Exercise: Please restate, word for word, the lines below that begin at the one with "import ezdxf" and end at the one with "msp = doc.modelspace()". Leave out all other lines.

Collected data:
○ ○ ○ ○ ○

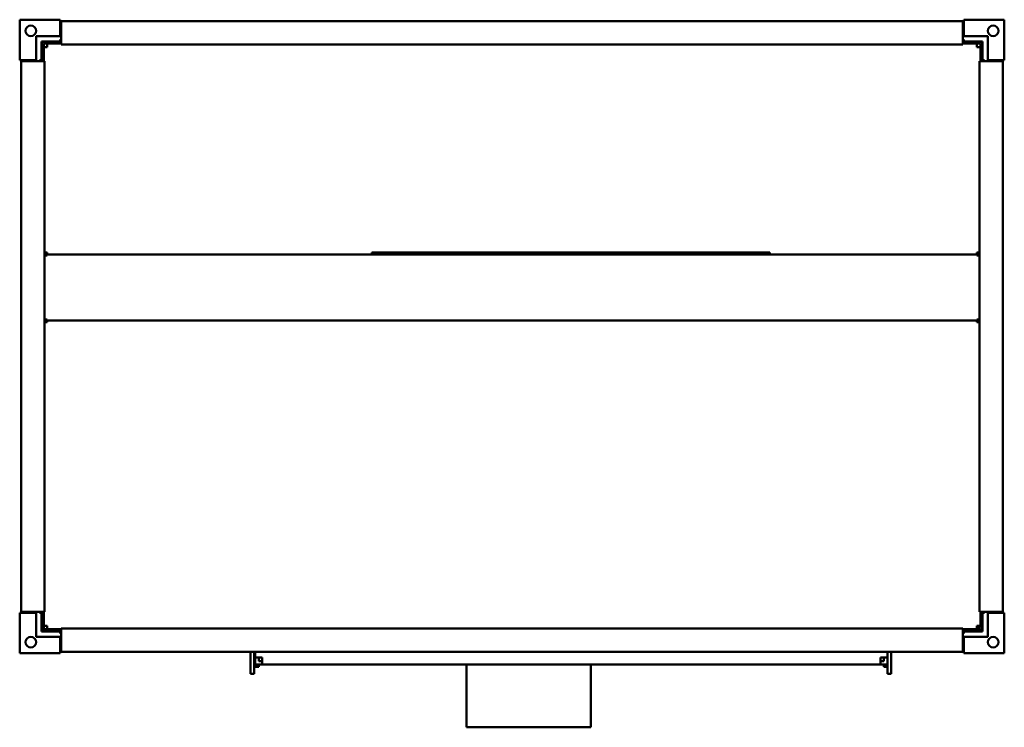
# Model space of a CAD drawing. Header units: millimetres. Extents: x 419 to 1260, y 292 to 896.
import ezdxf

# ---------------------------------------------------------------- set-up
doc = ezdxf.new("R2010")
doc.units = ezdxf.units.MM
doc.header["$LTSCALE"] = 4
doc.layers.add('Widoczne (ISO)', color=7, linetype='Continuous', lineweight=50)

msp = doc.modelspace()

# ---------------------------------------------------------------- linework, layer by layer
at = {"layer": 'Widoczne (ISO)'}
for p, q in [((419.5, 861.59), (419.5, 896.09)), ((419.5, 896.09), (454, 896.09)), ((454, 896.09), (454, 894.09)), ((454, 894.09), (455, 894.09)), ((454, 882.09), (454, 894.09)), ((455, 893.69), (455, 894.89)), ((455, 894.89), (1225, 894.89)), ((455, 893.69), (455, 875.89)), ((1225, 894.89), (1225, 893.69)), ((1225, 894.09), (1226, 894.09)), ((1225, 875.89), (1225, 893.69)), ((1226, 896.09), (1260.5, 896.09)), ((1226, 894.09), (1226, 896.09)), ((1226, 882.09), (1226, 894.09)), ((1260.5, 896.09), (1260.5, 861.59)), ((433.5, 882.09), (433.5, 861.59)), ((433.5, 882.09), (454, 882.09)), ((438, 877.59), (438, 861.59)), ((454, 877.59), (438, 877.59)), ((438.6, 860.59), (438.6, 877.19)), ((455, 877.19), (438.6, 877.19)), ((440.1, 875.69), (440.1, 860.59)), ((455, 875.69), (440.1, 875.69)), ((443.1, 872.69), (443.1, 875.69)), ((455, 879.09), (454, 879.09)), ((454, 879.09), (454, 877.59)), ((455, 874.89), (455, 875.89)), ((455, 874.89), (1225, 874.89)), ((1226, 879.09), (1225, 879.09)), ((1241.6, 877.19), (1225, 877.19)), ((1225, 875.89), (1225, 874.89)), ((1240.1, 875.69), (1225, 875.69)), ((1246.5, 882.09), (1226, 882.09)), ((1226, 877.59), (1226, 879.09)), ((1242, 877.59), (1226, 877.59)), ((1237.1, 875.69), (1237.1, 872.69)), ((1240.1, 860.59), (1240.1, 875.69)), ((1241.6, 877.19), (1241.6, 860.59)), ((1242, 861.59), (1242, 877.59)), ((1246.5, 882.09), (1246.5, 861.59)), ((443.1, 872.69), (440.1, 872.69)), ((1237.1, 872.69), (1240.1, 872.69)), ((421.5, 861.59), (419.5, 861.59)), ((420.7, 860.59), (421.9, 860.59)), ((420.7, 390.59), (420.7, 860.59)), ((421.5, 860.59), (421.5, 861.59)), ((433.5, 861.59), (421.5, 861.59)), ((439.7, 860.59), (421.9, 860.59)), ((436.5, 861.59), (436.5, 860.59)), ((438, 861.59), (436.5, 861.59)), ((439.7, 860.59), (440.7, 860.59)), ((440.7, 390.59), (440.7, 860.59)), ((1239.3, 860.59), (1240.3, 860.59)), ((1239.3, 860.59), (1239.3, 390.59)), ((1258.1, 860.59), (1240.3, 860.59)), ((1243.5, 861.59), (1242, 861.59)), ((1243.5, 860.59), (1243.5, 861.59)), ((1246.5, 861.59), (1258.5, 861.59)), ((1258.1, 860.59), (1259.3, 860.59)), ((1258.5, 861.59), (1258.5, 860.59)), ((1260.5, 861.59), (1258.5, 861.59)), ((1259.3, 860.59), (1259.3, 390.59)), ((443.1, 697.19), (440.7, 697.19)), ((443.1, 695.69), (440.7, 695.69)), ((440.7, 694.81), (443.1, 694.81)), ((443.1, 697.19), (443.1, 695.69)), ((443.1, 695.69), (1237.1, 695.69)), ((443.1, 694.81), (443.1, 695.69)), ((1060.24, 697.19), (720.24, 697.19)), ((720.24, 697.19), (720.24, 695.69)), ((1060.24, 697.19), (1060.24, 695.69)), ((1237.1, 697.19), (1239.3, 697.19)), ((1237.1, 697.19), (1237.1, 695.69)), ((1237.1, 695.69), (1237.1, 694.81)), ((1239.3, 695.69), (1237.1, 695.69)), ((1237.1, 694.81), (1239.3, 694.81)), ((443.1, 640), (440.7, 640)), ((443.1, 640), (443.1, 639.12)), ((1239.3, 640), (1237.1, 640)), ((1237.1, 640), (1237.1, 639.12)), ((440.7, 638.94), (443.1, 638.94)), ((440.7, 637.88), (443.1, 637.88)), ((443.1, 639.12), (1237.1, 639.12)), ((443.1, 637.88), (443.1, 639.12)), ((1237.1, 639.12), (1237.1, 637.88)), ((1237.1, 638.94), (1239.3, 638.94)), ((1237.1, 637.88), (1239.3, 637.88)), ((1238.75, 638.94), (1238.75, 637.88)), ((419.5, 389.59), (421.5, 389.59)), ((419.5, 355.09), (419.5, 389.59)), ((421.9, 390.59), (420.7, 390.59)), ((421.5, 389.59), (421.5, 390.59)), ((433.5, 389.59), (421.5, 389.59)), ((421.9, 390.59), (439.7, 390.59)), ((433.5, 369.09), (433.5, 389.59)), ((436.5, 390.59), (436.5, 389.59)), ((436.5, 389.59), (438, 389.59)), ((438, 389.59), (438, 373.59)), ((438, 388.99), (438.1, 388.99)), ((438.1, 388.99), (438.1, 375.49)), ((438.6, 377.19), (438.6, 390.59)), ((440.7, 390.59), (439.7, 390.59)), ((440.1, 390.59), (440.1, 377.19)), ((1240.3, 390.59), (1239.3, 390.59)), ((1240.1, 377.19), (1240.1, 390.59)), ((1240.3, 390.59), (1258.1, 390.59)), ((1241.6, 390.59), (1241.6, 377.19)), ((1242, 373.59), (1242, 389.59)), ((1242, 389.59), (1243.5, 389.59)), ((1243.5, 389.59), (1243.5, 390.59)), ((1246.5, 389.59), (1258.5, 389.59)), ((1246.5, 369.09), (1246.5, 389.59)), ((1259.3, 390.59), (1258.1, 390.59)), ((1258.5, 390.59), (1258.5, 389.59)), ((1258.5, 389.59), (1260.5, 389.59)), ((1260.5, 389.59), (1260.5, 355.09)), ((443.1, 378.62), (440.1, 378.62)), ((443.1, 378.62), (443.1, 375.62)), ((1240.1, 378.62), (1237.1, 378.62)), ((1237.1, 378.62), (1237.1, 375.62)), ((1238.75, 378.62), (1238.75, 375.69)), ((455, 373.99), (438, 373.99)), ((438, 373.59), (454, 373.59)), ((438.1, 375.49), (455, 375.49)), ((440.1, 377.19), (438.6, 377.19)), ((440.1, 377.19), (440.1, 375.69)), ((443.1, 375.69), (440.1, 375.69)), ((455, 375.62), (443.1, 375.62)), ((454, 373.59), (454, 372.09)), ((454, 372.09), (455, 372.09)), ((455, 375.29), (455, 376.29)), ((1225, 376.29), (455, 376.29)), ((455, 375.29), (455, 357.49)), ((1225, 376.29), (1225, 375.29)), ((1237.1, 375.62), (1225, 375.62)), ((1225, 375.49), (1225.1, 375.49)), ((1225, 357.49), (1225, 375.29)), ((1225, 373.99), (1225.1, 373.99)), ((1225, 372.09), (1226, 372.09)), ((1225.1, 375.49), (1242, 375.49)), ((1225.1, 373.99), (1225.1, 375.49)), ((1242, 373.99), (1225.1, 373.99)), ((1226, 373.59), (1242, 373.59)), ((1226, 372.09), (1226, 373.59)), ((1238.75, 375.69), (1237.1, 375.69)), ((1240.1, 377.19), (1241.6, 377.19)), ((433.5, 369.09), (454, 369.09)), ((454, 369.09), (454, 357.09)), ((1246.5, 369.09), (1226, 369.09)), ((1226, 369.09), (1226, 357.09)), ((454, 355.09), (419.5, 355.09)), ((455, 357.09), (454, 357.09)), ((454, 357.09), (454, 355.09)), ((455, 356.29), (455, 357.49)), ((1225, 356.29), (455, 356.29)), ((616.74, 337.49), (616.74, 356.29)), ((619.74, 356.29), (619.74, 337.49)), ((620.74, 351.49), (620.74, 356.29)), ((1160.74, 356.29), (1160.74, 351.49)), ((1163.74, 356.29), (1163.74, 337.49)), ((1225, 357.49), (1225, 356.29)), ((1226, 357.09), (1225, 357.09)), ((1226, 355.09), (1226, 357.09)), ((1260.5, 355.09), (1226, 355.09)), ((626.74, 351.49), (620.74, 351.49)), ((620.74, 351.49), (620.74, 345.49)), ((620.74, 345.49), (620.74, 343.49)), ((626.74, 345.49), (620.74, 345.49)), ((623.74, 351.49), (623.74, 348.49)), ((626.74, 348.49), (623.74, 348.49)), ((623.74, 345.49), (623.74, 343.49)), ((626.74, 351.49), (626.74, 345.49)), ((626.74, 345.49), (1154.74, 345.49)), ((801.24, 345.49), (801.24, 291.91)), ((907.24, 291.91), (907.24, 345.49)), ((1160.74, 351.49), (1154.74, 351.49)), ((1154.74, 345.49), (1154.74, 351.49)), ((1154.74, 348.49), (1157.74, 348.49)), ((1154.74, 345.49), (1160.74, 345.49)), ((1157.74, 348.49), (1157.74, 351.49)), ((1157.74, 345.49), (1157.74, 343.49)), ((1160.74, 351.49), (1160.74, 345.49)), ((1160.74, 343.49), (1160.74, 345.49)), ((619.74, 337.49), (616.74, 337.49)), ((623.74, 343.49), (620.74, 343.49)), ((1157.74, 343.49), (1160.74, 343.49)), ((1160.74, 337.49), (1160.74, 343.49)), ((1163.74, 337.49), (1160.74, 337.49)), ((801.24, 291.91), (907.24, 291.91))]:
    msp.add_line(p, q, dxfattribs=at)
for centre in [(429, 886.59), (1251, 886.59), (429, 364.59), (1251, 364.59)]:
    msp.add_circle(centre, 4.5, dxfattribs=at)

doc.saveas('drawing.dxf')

○ ○ ○ ○ ○

Completed task:
import ezdxf

# ---------------------------------------------------------------- set-up
doc = ezdxf.new("R2010")
doc.units = ezdxf.units.MM
doc.header["$LTSCALE"] = 4
doc.layers.add('Widoczne (ISO)', color=7, linetype='Continuous', lineweight=50)

msp = doc.modelspace()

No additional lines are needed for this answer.